Please restate exactly what appears in the records below from the first line to the line where "10\ln(9) \approx 21.97$$" is, that line included.

------------------------------------------------

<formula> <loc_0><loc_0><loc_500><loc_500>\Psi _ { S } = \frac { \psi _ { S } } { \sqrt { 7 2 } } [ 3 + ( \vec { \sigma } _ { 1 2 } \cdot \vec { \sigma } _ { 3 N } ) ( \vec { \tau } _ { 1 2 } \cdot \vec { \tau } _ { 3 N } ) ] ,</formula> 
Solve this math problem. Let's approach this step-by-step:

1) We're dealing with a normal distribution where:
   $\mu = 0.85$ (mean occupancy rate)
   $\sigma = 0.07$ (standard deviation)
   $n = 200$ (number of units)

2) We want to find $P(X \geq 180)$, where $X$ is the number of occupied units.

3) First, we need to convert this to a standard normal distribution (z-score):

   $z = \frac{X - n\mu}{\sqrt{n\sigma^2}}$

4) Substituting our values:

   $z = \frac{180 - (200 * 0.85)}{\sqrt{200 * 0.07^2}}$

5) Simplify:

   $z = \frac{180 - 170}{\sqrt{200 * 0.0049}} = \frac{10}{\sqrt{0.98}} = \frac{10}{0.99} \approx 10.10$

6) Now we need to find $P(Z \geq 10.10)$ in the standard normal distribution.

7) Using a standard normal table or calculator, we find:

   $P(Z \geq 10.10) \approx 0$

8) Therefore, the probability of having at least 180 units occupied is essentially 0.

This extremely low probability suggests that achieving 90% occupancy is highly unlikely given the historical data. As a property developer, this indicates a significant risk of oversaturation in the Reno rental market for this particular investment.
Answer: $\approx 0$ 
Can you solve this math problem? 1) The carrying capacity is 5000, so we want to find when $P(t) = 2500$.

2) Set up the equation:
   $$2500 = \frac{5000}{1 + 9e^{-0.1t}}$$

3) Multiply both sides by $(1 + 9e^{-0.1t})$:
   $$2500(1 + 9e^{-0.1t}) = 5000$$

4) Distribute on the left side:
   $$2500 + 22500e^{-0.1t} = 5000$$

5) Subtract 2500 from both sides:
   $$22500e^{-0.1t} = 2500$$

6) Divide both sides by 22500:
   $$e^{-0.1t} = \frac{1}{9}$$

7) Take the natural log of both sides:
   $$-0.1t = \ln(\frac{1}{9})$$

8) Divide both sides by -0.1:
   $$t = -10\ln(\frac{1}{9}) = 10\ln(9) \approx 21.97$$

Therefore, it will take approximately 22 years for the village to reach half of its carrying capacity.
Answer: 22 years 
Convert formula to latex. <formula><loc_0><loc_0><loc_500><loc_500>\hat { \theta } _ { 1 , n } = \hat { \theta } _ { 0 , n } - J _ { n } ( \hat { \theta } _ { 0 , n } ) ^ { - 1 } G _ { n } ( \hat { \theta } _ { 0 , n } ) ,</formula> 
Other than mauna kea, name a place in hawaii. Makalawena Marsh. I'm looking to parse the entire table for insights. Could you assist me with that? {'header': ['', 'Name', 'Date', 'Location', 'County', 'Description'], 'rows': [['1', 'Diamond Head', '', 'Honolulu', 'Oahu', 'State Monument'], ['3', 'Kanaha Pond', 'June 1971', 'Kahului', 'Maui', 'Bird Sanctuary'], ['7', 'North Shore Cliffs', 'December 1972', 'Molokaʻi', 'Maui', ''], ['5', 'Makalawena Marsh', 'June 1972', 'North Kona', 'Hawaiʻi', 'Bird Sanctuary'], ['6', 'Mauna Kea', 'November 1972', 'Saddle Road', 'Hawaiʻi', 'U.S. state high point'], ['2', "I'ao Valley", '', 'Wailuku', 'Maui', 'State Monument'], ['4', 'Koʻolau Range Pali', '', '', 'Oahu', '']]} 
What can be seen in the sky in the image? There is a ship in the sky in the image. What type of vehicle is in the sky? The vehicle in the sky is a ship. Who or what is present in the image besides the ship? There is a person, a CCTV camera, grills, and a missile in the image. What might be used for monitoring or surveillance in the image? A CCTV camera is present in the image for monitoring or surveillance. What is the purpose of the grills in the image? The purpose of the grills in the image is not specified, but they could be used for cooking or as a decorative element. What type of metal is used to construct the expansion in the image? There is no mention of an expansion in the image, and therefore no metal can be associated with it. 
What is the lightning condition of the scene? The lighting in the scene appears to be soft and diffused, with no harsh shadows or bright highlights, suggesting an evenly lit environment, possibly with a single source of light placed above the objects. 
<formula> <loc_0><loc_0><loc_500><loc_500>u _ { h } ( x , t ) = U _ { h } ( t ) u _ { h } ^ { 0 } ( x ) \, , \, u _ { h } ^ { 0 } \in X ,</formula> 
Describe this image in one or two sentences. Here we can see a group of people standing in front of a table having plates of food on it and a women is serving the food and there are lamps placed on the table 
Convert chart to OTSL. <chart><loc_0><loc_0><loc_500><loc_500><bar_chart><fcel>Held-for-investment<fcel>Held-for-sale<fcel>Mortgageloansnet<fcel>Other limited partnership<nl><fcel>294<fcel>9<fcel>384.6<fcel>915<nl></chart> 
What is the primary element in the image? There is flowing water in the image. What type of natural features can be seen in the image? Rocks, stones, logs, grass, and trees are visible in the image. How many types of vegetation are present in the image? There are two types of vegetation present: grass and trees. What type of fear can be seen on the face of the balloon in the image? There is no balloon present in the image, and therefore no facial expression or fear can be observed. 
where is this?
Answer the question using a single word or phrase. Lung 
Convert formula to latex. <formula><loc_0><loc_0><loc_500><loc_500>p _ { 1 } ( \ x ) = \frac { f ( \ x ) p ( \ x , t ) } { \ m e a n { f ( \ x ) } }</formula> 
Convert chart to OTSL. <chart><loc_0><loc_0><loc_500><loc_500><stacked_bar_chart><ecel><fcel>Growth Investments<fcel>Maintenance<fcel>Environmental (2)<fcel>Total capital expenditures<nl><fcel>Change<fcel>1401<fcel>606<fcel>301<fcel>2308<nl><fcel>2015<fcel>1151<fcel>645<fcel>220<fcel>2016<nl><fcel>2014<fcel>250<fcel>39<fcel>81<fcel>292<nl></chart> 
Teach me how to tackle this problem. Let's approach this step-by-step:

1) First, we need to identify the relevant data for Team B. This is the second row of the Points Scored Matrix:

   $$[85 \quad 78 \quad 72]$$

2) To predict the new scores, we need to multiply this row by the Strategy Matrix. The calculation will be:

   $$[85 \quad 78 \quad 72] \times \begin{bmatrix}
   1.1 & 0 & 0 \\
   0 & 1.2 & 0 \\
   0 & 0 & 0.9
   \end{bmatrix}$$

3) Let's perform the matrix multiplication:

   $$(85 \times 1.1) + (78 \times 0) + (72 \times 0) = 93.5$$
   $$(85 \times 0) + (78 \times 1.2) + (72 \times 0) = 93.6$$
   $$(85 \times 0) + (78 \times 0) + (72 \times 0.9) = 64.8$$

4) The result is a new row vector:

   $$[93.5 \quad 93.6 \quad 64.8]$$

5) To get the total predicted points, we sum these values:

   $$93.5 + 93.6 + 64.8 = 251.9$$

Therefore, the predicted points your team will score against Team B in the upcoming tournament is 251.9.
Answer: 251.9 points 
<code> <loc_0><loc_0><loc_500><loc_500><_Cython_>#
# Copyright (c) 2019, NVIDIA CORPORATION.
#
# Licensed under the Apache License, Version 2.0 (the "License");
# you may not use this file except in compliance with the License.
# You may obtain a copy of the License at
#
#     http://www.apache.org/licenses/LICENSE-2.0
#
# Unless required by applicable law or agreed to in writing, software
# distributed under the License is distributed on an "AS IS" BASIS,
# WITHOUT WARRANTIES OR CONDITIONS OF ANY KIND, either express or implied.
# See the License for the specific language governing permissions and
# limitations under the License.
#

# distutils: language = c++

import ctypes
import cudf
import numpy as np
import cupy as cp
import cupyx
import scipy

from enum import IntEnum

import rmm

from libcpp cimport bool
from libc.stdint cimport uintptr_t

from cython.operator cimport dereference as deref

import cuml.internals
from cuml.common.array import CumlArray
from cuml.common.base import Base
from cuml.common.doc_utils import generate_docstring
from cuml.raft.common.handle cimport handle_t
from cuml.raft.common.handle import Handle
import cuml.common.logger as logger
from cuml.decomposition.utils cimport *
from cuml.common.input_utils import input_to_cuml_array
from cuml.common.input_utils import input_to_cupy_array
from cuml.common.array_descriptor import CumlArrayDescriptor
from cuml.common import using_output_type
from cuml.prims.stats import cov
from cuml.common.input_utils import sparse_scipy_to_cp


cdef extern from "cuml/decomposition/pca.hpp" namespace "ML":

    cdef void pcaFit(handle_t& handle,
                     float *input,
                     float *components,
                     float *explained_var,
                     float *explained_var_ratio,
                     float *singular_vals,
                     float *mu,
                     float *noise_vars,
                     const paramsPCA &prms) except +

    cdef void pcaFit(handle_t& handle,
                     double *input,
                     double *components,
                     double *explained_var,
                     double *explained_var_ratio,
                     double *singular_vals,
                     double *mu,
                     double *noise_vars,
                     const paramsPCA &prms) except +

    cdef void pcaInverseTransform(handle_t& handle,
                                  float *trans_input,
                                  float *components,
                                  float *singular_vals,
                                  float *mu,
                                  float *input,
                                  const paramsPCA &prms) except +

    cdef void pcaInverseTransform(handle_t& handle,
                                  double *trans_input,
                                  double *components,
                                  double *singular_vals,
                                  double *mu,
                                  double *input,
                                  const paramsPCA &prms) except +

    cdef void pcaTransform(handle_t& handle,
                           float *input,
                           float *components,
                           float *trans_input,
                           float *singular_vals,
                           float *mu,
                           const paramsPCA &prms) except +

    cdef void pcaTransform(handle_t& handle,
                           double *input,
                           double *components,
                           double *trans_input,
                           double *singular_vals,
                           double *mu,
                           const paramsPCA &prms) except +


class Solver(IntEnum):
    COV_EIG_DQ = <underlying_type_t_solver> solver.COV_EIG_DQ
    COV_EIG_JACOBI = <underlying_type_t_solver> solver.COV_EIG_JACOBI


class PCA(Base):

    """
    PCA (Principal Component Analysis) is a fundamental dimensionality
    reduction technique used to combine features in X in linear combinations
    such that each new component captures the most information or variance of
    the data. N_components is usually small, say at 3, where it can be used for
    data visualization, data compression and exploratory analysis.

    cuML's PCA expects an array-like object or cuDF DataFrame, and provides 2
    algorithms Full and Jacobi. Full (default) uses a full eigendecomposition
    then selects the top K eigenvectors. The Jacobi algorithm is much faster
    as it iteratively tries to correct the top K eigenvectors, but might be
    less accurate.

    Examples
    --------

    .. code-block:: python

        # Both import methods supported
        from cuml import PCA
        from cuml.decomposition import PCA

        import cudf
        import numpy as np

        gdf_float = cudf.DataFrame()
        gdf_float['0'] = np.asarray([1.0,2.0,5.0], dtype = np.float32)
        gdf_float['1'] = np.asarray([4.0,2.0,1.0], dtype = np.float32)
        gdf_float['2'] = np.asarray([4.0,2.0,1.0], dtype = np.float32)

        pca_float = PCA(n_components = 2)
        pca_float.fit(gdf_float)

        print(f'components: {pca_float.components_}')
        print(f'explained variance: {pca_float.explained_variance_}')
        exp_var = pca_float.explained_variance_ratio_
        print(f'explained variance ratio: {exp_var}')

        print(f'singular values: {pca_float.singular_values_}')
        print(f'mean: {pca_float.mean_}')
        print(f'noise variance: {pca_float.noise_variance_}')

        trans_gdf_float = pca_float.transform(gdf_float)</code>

------------------------------------------------

• **RESPONSE BOX**:
<formula> <loc_0><loc_0><loc_500><loc_500>\Psi _ { S } = \frac { \psi _ { S } } { \sqrt { 7 2 } } [ 3 + ( \vec { \sigma } _ { 1 2 } \cdot \vec { \sigma } _ { 3 N } ) ( \vec { \tau } _ { 1 2 } \cdot \vec { \tau } _ { 3 N } ) ] ,</formula> 
Solve this math problem. Let's approach this step-by-step:

1) We're dealing with a normal distribution where:
   $\mu = 0.85$ (mean occupancy rate)
   $\sigma = 0.07$ (standard deviation)
   $n = 200$ (number of units)

2) We want to find $P(X \geq 180)$, where $X$ is the number of occupied units.

3) First, we need to convert this to a standard normal distribution (z-score):

   $z = \frac{X - n\mu}{\sqrt{n\sigma^2}}$

4) Substituting our values:

   $z = \frac{180 - (200 * 0.85)}{\sqrt{200 * 0.07^2}}$

5) Simplify:

   $z = \frac{180 - 170}{\sqrt{200 * 0.0049}} = \frac{10}{\sqrt{0.98}} = \frac{10}{0.99} \approx 10.10$

6) Now we need to find $P(Z \geq 10.10)$ in the standard normal distribution.

7) Using a standard normal table or calculator, we find:

   $P(Z \geq 10.10) \approx 0$

8) Therefore, the probability of having at least 180 units occupied is essentially 0.

This extremely low probability suggests that achieving 90% occupancy is highly unlikely given the historical data. As a property developer, this indicates a significant risk of oversaturation in the Reno rental market for this particular investment.
Answer: $\approx 0$ 
Can you solve this math problem? 1) The carrying capacity is 5000, so we want to find when $P(t) = 2500$.

2) Set up the equation:
   $$2500 = \frac{5000}{1 + 9e^{-0.1t}}$$

3) Multiply both sides by $(1 + 9e^{-0.1t})$:
   $$2500(1 + 9e^{-0.1t}) = 5000$$

4) Distribute on the left side:
   $$2500 + 22500e^{-0.1t} = 5000$$

5) Subtract 2500 from both sides:
   $$22500e^{-0.1t} = 2500$$

6) Divide both sides by 22500:
   $$e^{-0.1t} = \frac{1}{9}$$

7) Take the natural log of both sides:
   $$-0.1t = \ln(\frac{1}{9})$$

8) Divide both sides by -0.1:
   $$t = -10\ln(\frac{1}{9}) = 10\ln(9) \approx 21.97$$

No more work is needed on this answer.